33ª Edición
2005
En el año en que se cumple el 60 aniversario del final de la II Guerra Mundial, y de la “liberación” de los campos nazis, programar este ciclo tiene un doble significado. Por una parte, recordar algunos ejemplos de cine nazi, entendido como algo que nunca debe repetirse. Por otra, situar en primer plano otras propuestas, documentales o de ficción, que nos aporten justamente una mirada alternativa, la de la crítica y la solidaridad.
Entre 1780 y 1790, a 80 kilómetros de Praga, se edificó la fortificación de Terezin, siglos mas tarde rebautizada por los nazis como Theresienstadt. Desde su fundación en 1941, el jerarca nazi Adolf Eichmann otorgó a este campo el dudoso privilegio de ser un “ghetto para enseñar” o “ghetto Potemkin”, llamado así en recuerdo de las falsas ciudades que el Príncipe Potemkin edificó para el engaño de Catalina II de Rusia, en su viaje a Ucrania. Allí iban destinadas algunas personalidades judías (artistas, intelectuales, políticos, líderes de asociaciones…), así como muchos transportados de paso, hacia los campos de exterminio de Polonia. Por ello no es de extrañar que en la visita del 23 de Junio de 1944 Maurice Rossel, del Comité Internacional de la Cruz Roja, fuera cuidadosamente preparada, llegándose a construir tiendas, cafeterías y otros edificios públicos. Años más tarde, el mismo Rossel reconocería, hipócritamente, que a su paso los prisioneros se mostraban silenciosos y preocupados.
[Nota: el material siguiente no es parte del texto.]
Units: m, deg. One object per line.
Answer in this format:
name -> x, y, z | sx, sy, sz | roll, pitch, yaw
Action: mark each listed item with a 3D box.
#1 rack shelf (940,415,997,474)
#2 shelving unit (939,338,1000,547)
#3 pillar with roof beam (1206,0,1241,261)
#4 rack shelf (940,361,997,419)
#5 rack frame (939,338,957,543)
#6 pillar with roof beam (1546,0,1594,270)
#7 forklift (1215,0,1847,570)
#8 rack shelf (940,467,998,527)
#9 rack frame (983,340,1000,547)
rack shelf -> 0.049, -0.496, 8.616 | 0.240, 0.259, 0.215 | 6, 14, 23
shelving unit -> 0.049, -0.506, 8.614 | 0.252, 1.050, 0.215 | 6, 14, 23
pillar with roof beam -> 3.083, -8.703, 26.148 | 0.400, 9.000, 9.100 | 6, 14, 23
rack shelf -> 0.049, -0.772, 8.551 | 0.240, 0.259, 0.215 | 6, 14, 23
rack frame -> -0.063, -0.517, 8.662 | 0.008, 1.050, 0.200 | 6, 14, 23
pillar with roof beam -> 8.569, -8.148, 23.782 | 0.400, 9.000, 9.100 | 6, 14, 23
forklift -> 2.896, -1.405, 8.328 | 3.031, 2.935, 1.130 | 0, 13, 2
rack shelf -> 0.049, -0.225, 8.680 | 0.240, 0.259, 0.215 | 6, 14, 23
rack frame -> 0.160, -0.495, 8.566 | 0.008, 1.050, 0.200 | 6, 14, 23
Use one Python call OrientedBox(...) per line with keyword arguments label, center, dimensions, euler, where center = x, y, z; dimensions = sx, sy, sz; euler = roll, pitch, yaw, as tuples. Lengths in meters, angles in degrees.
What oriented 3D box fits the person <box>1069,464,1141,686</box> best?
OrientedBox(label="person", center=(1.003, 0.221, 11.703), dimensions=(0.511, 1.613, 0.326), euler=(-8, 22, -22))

En 1942, la SS encargó a una prisionera con conocimientos de cine, Irena Dodalova, partiendo de un guión propio, la filmación de una serie de escenas sobre la vida cotidiana en Theresienstadt. A cargo de las cámaras se encontraba el servicio de seguridad nazi, mientras que al menos una docena de prisioneros judíos fueron obligados a colaborar. La película, conocida en los archivos como Theresiestadt 1942, nunca fue encontrada, y de su metraje tan sólo se conservan cerca de 9 minutos, descubiertos en Varsovia en 1994. Al terminar la guerra, Dodalova emigró a Buenos Aires, donde murió en 1989.
Ante el “éxito de la representación” frente a la Cruz Roja, un segundo documental, de enfoque semejante, se le encomendó al famoso actor y cineasta Kurt Gerron, y se tituló Der Führer schenkt den Juden eine Stadt [El Führer regala a los judíos una ciudad] (1944). Con la esperanza de salvar sus vidas, centenares de prisioneros fingieron que la vida en Theresienstadt era tan relajada como en un balneario, aunque su gesto sombrío ante las cámaras no pudo traicionarles. De la hora y media que duraba la versión original, ha llegado hasta nosotros un total de 25 minutos de metraje, aparecido en distintos años en Checoslovaquia e Israel. Como solía ocurrir, tras la farsa, los prisioneros que la interpretaban, así como el mismo Gerron, fueron enviados a las cámaras de gas. Pero no fueron los únicos: el siniestro saldo de Theresienstadt fue de 140.000 deportados, 33.430 muertos en el campo, y 87.000 enviados a campos de exterminio, de los cuales sólo sobrevivieron 3.500.
El documental de Iliona Ziok El Carrusel de Kurt Gerron (Kurt Gerrons Karrusell, 1999) reconstruye el itinerario de este personaje hasta su llegada al campo, así como las condiciones en las que filmó su película. Su título alude al nombre del cabaret que se le permitió dirigir en Theresienstadt, Das Karrusell. Por su parte, Memoria del agua (1992), segundo largometraje del argentino Héctor Fáver, constituye una de las pocas aportaciones del cine español al tema del exterminio judío. Partiendo de un hecho histórico, la profanación del cementerio judío de Carpentras en 1990, el recuerdo del exterminio se articula como un relato que entrelaza documental y ficción, narración e imagen, en el que por encima de las épocas, los supervivientes dialogan con los condenados, en un tono no por poético menos crudo e intenso.